In each of the cases involving an imposition of outright discharge by the company there has been some aggravating factor. For example, in CROA 681 and 2124 the employee discharged for passing a stop signal had committed his second offence against the rule. In CROA 745 a locomotive engineer was dismissed where a violation of Rule 292 was found to also involve a violation of Rule G, resulting in a collision and two fatalities. Serious collisions were also involved in CROA 1479 and 1677, while in CROA 1504 the discharge of the locomotive engineer was motivated, in part, by his falsification of an employee statement intended to evade his responsibility.
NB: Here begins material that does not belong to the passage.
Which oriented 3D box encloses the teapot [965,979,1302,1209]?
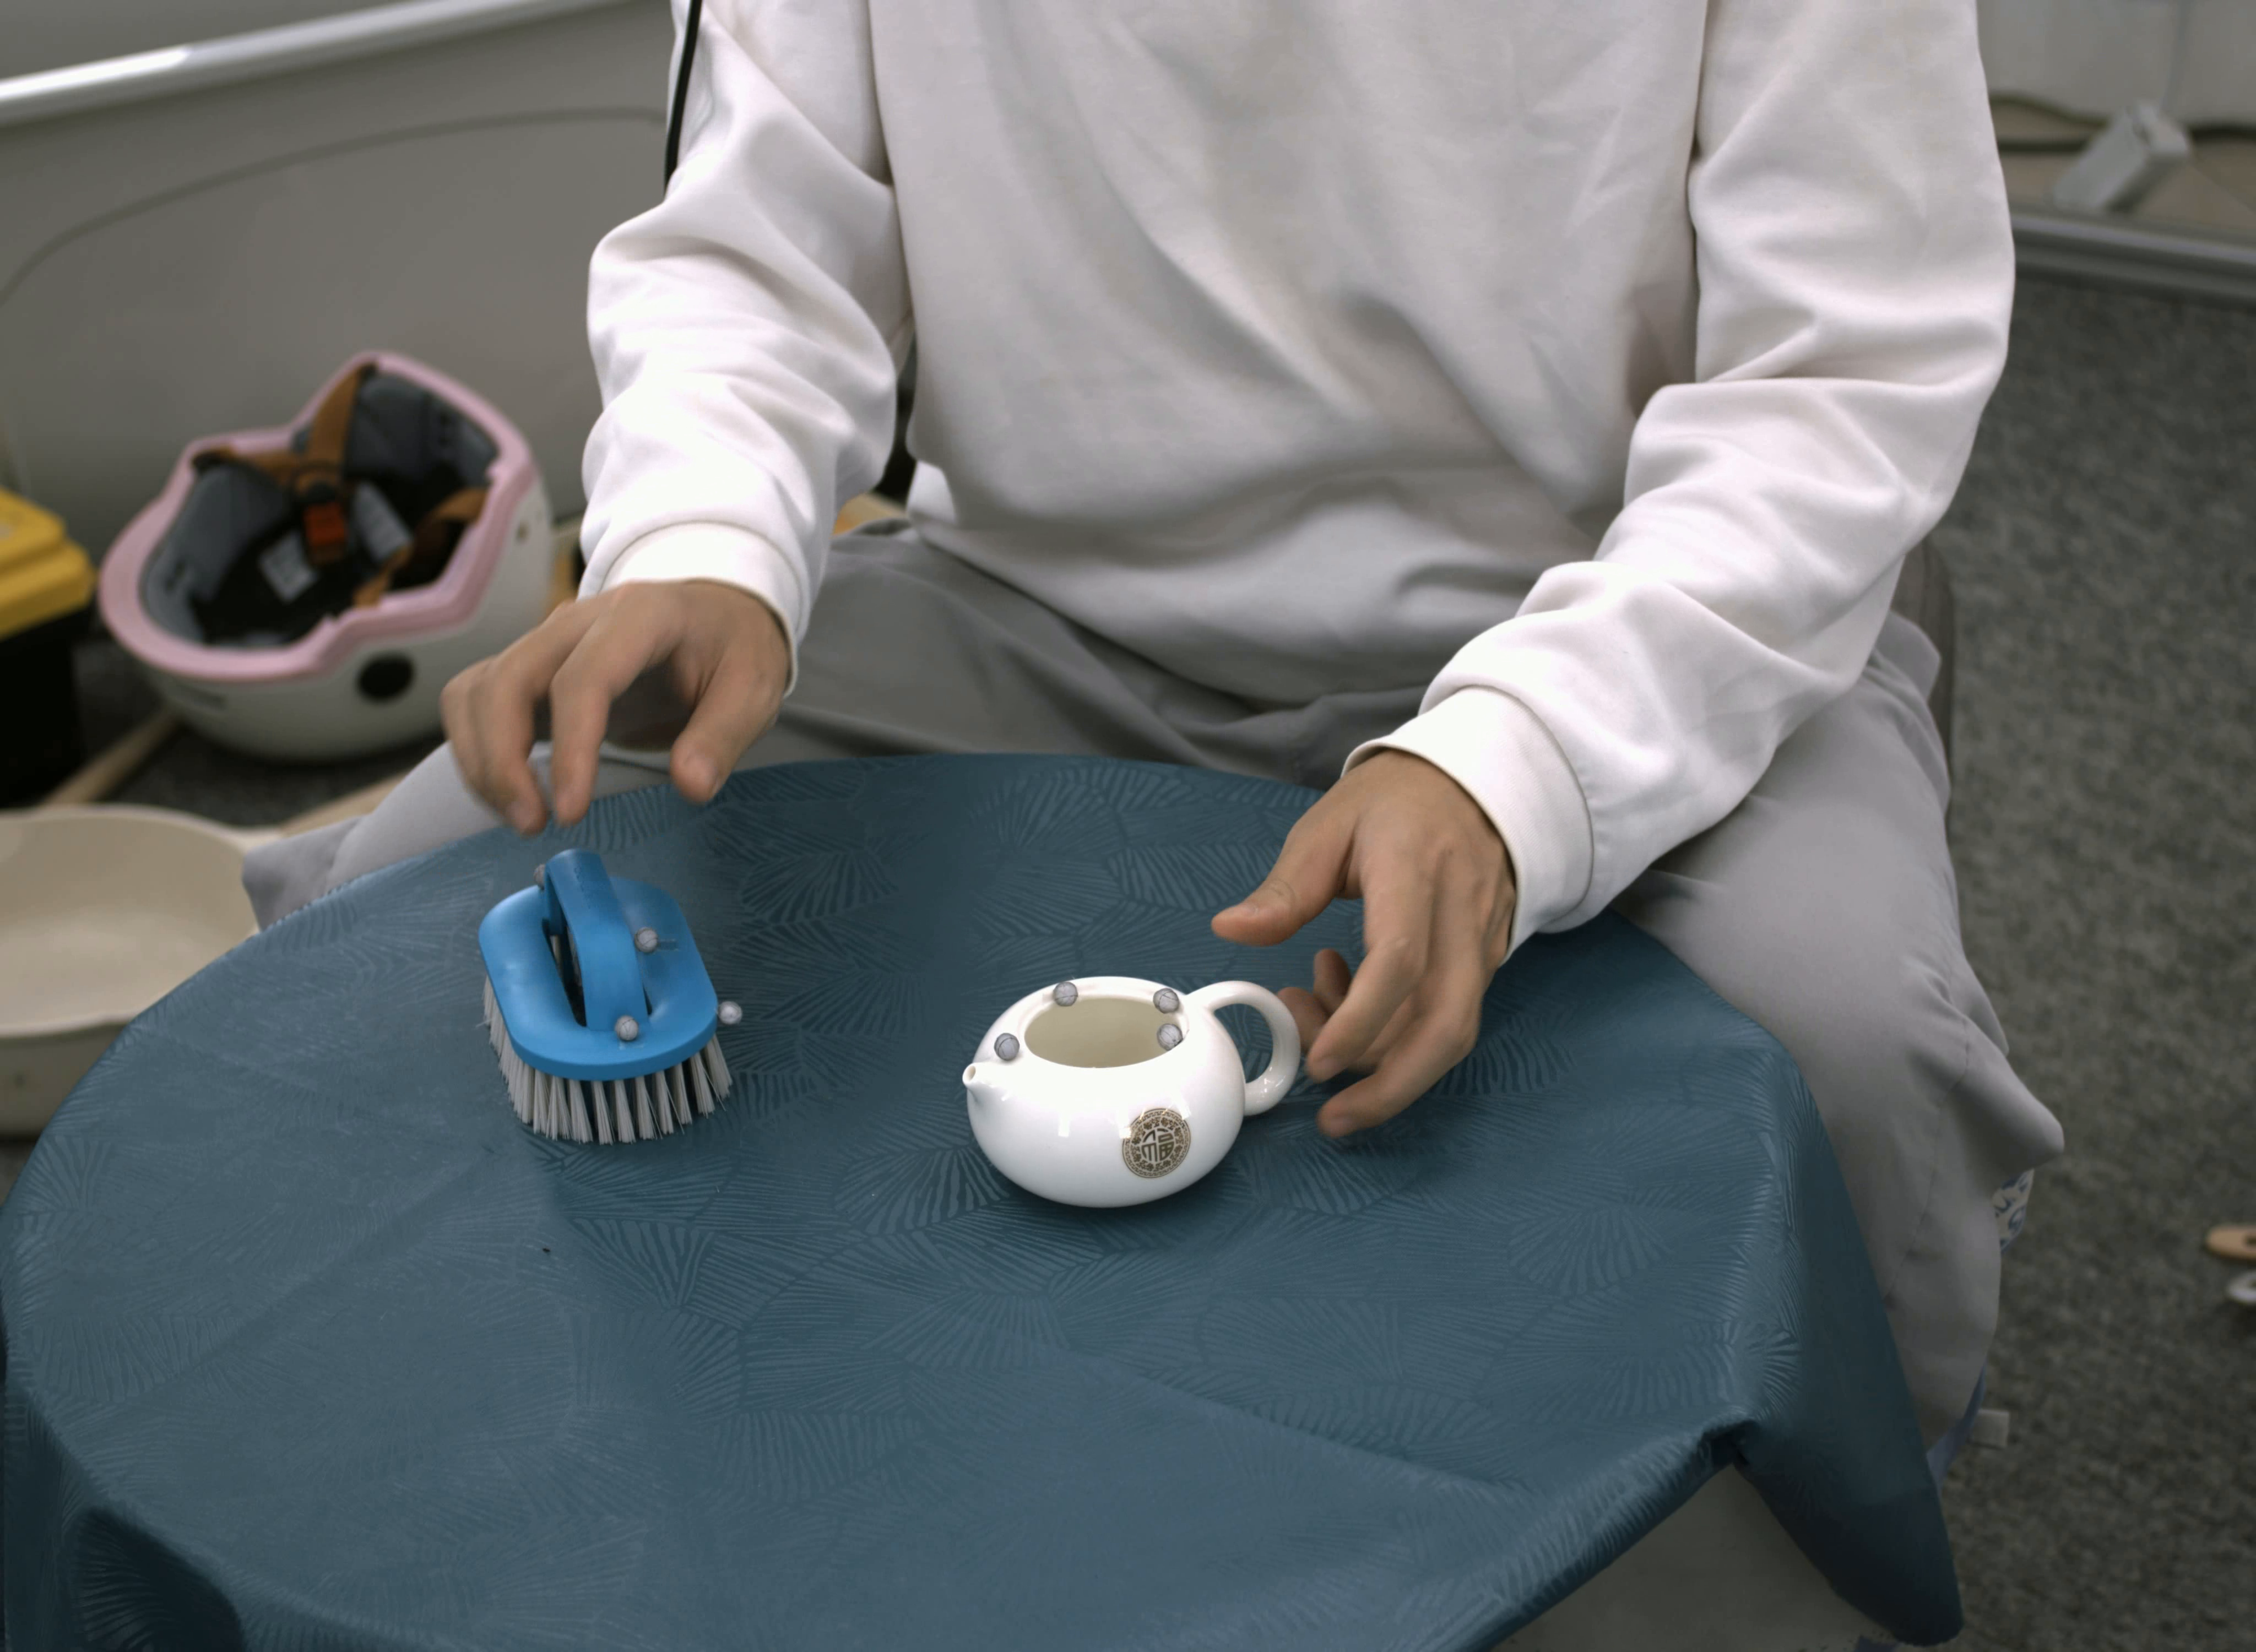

More recently, employers have again used the assessment of suspensions for violations of rule 292 of the UCOR and rule 429 of the CROR (See, e.g., CROA 2126, 2161, & 2267.)



            See also CROA 3744.  I agree with the Union that each Rule 439 case must be assessed on its merits.


            However, considering all the evidence in this case, I am satisfied that the aggravating factors outweigh the grievor’s remorse and personal circumstances.  The incident reveals a lack of attention by a railroader thoroughly familiar with the territory that caused very significant damage.  It resulted from not only inattention to crucial signals, but an absence of caution in circumstances, even if momentarially confusing, called for a reduced speed.  Reluctantly, I must deny the grievance.


November 29, 2017                                                                                    ____________

                                                                                                            ANDREW C. L. SIMS, Q.C.